Table 1 miRNAs predicted to interact with the ssvRNA of SARS-CoV-2.
It should also be mentioned: (i) that both the ACE2 receptor and accessory ACE2-associated viral entry proteins such as the transmembrane serine protease 2 (TMPRSS2) and other cellular membrane ACE2-associated proteins may also have their encoding mRNAs targeted by specific sncRNAs and/or miRNAs which may further modulate the success of SARS-CoV-2 infectivity (Pierce et al., 2020; Wicik et al., 2020); and (ii) that the actions of host miRNAs on ssvRNAs are variable and depend on multiple endogenous and exogenous factors. While some host miRNAs may reinforce host antiviral responses against viruses by neutralizing ssvRNA sequences, some may also promote viral RNA stability, replication, and support successful infectivity (Trobaugh and Klimstra, 2017; Wicik et al., 2020). Another interesting consideration is that human population differences in individual miRNA abundance, speciation and complexity have been shown in different human and animal populations and in different cell- and tissue-types (Huang et al., 2011; He et al., 2017; Pogue and Lukiw, 2021). Different endogenous miRNA populations of human cells and tissues and the heterogeneous repertoire of different miRNAs in individual humans may in part explain: (i) the widely observed differential variability and human sensitivity and susceptibility to ssRNA viral infection such as SARS-CoV-2; (ii) the endogenous innate-immune capability to neutralize these and other invading microbial species; and (iii) the basis for a potential strategy in using stabilized miRNAs for the neutralization of SARS-CoV-2 and the therapeutic management of COVID-19 and other life-threatening microbial-mediated diseases (Lukiw, 2021; Padda et al., 2021; Ying et al., 2021).
Conclusion
Emerging evidence continues to support the concept that as a novel form of immune surveillance, human miRNAs, sncRNAs and small iRNAs have a significant potential to shape the host’s innate-immune response to infection by invading ssvRNA viruses that include SARS-CoV-2. This ‘Perspectives’ paper proposes that the actions of the ~2,650 known human miRNAs constitute, in part, the basis for an under-recognized and under-appreciated innate-immune regulatory system for modulating ssvRNA viral genome activities that also has implications for the efficiency of SARS-CoV2 invasion, infectivity and viral replication. As miRNA abundance, speciation, and complexity varies significantly among human individuals, this may: (i) explain in part the variability in the innate-immune immunological and pathophysiological response of different human individuals to the initiation and progression of SARS-CoV-2 infection; and (ii) further support our understanding of the variable susceptibility and resistance of individuals to ssvRNA-mediated viral infection and COVID-19 and perhaps to other ssvRNA and related viral-mediated pandemics that may arise in the future on a global scale.
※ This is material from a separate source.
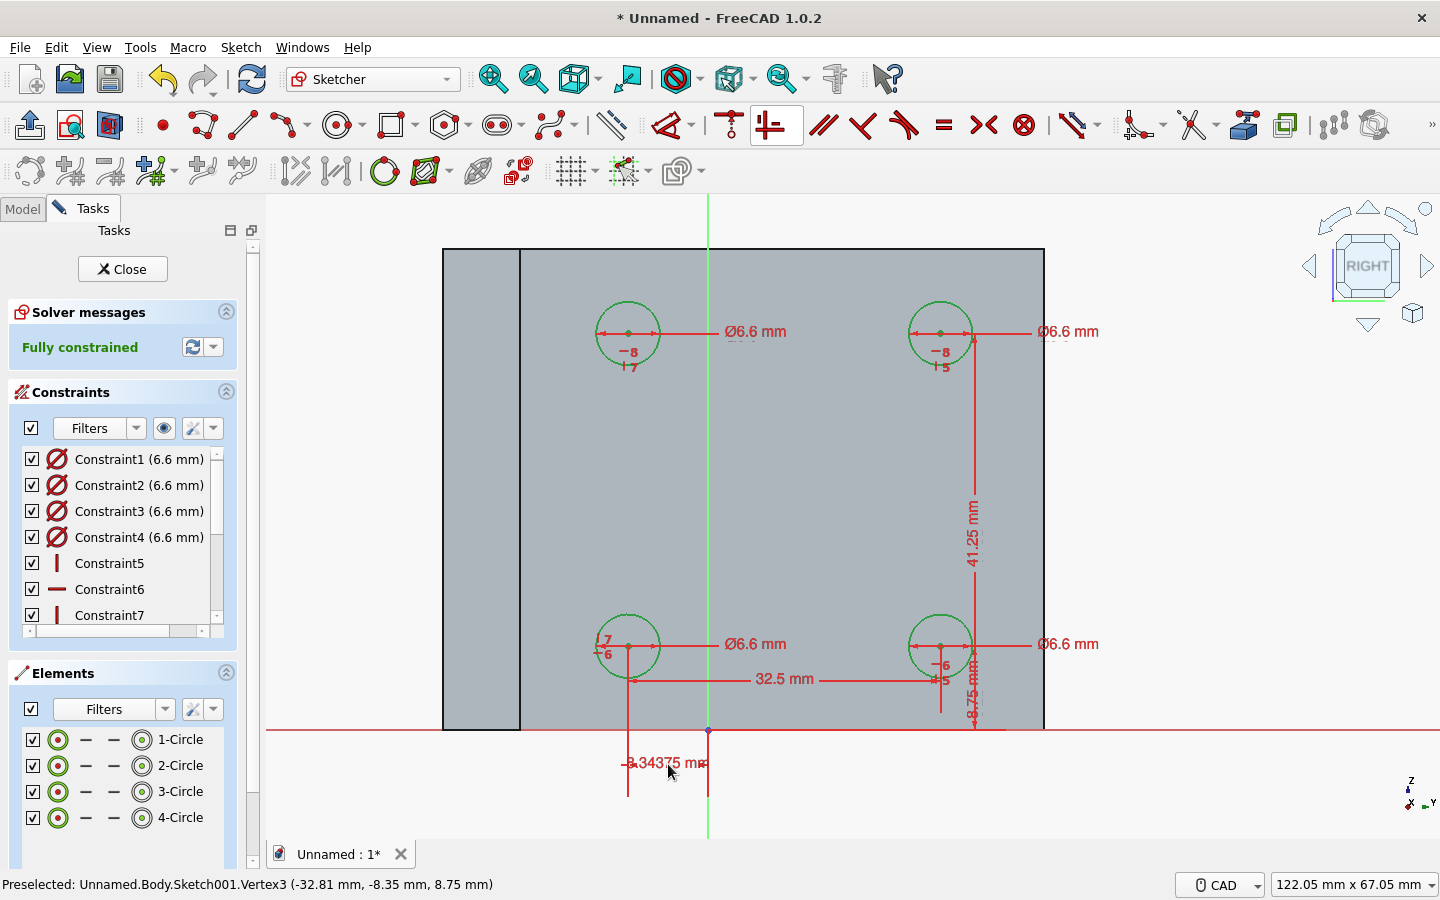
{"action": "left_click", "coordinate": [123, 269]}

Lastly, evolving evidence continues to suggest that pathological ssvRNA genomes like SARS-CoV-2 are susceptible to attack, destruction, neutralization, and/or modulation by multiple naturally-occurring host miRNAs. While the basic mechanisms of miRNA-ssvRNA natural hybrid formation and selection are becoming increasingly understood, the specific interaction of human host miRNA with ssvRNAs like SARS-CoV-2 in human physiology remains extremely complicated and perplexing. Cellular, transcriptional, genetic, epigenetic, immunological, metabolic, developmental, environmental and other epidemiological conditions affect the generation and processing of host miRNAs leading to dynamic, temporal and cell- and tissue-specific patterns of miRNA abundance, speciation and complexity (O'Brien et al., 2018; Pogue and Lukiw, 2021; Wicik et al., 2020; Ying et al., 2021). There are also aging-, gender- and disease-associated effects on miRNA expression patterns in human biology. For example, some ‘beneficial’ human anti-viral miRNAs naturally down-regulated with aging may display modified SARS-CoV-2‐host cell interactions that enhance the severity and mortality among elderly COVID-19 patients, particularly those greater than 65 years of age (Fulzele et al., 2020; Choe et al., 2022; Kucher et al., 2022; Lingor et al., 2022). When compared to normal cells and tissues, diseases such as cancer and AD display different intrinsic patterns of host miRNA expression throughout these disease processes. Inter-current SARS-CoV-2 infection with these and other life-threatening/incapacitating diseases usually predict an unfavorable clinical outcome. One of the initial miRNA-based pharmaceuticals which specifically targets and down-regulates ssvRNA levels (Miravirsen; Santaris Pharma A/S/Hoffmann-La Roche-Genentech, San Francisco USA) is currently in Phase III clinical trials and there is emerging and supportive evidence that stabilized miRNAs have strong potential to down-regulate and/or neutralize viral replication, modulate the progress of viral infection and/or enhance survival rates especially in the more advanced and severely-affected COVID-19 patients (Chakraborty et al., 2020; Narożna and Rubiś, 2021; Okuyan and Begen, 2021; Schultz et al., 2021; Choe et al., 2022; Kucher et al., 2022).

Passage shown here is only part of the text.